An output or output variable is also known as a dependent variable, outcome, response variable, response, target, or class. Throughout this missions on linear modeling we will generally use the terms output variable, response variable or dependent variable.

The general form of a model that performs such a prediction can be represented as:

$Y = f(X) + \epsilon$

In this context:

• $X$ represents a set of inputs
• $Y$ represents a set of outputs.
• $\epsilon$ represents the error term.

The random error term $\epsilon$ is independent of $X$ and has a mean of approximately zero. We'll learn more about the error term in a later screen. For now, let's discuss terminology about inputs and outputs.

Returning to the formula above, $f$ is a precise function that represents the information $X$ provides about $Y$. In the process of modeling we rarely know the value of $f$, so we observe values of $X$ to make predictions about $Y$. Estimates of $f$ may use more than one predictor variable, in which case the $X$ variables are represented as $X_1, X_2, ..., X_p$ where $p$ refers to the total number of predictors. But for learning purposes we will focus on using a single predictor variable for now, so we only need to be concerned about the single predictor variable $X$.

In our example above, $Y$ represents the cost of an Uber trip, which is considered a quantitative response to an input variable. Bivariate regression can be performed with pairs of variables measured on a ratio or interval scale. Which variables from our uber_trips data are either ratio or interval? The only variable that is not either interval or ratio scale data is destination.

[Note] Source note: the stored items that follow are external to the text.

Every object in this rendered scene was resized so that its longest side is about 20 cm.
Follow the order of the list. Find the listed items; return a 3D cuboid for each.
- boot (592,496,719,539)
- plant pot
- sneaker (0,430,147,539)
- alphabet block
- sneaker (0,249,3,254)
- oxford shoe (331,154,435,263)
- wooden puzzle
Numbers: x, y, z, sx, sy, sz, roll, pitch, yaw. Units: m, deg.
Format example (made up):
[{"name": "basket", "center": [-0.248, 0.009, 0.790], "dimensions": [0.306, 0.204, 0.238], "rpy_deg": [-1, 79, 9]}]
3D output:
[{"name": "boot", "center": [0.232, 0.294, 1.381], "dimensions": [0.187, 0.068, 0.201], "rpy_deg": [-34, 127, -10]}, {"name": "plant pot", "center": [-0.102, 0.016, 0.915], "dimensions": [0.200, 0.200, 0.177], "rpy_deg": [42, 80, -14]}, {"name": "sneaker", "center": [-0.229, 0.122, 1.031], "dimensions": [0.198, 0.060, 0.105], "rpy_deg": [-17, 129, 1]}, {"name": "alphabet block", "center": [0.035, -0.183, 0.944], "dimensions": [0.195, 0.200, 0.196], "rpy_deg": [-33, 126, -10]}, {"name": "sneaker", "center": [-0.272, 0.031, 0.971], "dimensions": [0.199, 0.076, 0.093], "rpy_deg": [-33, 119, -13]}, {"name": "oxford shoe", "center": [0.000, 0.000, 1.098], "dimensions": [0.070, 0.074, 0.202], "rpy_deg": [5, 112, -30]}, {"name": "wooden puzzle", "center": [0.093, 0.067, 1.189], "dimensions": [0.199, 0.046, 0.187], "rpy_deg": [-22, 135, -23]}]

Let's plot our data to see if any of our variables might be suitable to predict the cost of future Uber trips.

# Line plot example
ggplot(data = df, 
       aes(x = independent_variable, y = dependent_variable)) +
  geom_line()

# Scatterplot example
ggplot(data = df, 
       aes(x = independent_variable, y = dependent_variable)) +
  geom_point()

instructions

Generate two plots with ggplot2. Include cost on the y-axis in each plot, because we are treating this as the dependent variable. In each case, a simple exploratory plot is fine. There is no need to customize axis labels or chart titles.

1. Generate a line plot with cost on the y-axis and date on the x-axis.
2. Generate a scatter plot with cost on the y-axis and distance on the x-axis.

Take a look at each plot. Do you notice a relationship between cost and date, or cost and distance?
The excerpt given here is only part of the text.